Bug 74815

Summary: Non-BMP Unicode character codes aren't properly unescaped in CSS
Product: WebKit Reporter: P.J. Onori <onorpj>
Component: CSSAssignee: Nobody <webkit-unassigned>
Status: RESOLVED DUPLICATE    
Severity: Normal CC: ap, eoconnor, john.david.dalton, mathias, pjkixx, szledan, zherczeg
Priority: P3    
Version: 528+ (Nightly build)   
Hardware: Unspecified   
OS: Unspecified   
Bug Depends on:    
Bug Blocks: 69083    
Attachments:
Description Flags
A zip file containing a demonstration of the bug
none
demo of literal character working fine
none
reduced test case none

Description P.J. Onori 2011-12-18 10:42:31 PST
Glyphs in what I'm suspecting to be anything above the Basic Multilingual Plane (0x0000-0xffff) gets a diamond with a question mark in the middle, even when a glyph exists at the value.
Comment 1 Alexey Proskuryakov 2011-12-18 21:51:56 PST
Could you please provide a test case?

Given that you mention the diamond with a question mark, I suspect that you're seeing this problem on Mac, but then I'm confused because Mac WebKit certainly supports non-BMP characters. Are you seeing this in Safari on Mac, some other WebKit based browser on Mac, or some entirely different platform?
Comment 2 P.J. Onori 2011-12-18 22:34:40 PST
Created attachment 119817 [details]
A zip file containing a demonstration of the bug

The zip file contains an HTML file which displays characters at specific unicode values. The table shows the corresponding Unicode value on the right-most column.
Comment 3 P.J. Onori 2011-12-18 22:36:02 PST
I've checked this on Safari v5.1, Chrome v16 and the latest Webkit build - all on the Mac. Let me know if there's anything else I can provide.
Comment 4 Alexey Proskuryakov 2011-12-20 17:26:59 PST
This is specifically an issue with parsing strings like '\01f3a4'. It will work if you just paste a Unicode character in your CSS (and add a @charset rule to make sure it's decoded correctly).

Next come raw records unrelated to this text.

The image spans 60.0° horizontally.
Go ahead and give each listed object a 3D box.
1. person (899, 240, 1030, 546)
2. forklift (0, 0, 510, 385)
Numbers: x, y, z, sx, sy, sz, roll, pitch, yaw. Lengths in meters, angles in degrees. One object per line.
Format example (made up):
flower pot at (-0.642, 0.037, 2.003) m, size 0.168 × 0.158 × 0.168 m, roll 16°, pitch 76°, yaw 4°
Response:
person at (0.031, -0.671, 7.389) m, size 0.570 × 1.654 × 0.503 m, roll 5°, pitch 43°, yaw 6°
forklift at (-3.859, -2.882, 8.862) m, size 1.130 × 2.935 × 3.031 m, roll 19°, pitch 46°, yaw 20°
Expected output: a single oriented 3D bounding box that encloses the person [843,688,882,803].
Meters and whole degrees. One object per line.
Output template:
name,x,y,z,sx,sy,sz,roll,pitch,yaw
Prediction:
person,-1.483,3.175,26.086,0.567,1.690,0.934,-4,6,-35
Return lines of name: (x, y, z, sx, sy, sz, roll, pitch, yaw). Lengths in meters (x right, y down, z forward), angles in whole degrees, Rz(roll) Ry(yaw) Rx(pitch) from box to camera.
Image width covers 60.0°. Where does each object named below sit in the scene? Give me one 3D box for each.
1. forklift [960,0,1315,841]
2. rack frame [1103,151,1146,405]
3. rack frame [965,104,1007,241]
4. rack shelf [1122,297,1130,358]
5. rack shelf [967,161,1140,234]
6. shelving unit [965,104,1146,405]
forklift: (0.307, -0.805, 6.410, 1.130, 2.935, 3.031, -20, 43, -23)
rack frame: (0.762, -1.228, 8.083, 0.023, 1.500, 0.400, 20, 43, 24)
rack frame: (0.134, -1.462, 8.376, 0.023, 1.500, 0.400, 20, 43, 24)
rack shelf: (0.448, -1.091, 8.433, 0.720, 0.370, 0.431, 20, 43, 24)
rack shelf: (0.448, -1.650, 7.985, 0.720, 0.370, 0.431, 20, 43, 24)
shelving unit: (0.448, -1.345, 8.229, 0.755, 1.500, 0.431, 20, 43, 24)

I don't know if we're matching the spec or not here.
Comment 5 Alexey Proskuryakov 2011-12-20 17:27:22 PST
Created attachment 120122 [details]
demo of literal character working fine
Comment 6 P.J. Onori 2011-12-20 20:24:45 PST
Thanks Alexey. That works for me in Safari 5.1 and Webkit (Chrome doesn't seem to support it). 

I poked around as well and couldn't discern if this isn't appropriate. Pragmatically, it may be prove frustrating for people looking at the CSS file with a typeface that doesn't contain those glyphs. But that's not technically your problem. ;)
Comment 7 P.J. Onori 2011-12-20 20:26:42 PST
My lord, apologies for such a poorly-written comment. It's been a long day...
Comment 8 Mathias Bynens 2012-01-12 10:46:55 PST
(In reply to comment #4)
> This is specifically an issue with parsing strings like '\01f3a4'. It will work if you just paste a Unicode character in your CSS (and add a @charset rule to make sure it's decoded correctly).
> 
> I don't know if we're matching the spec or not here.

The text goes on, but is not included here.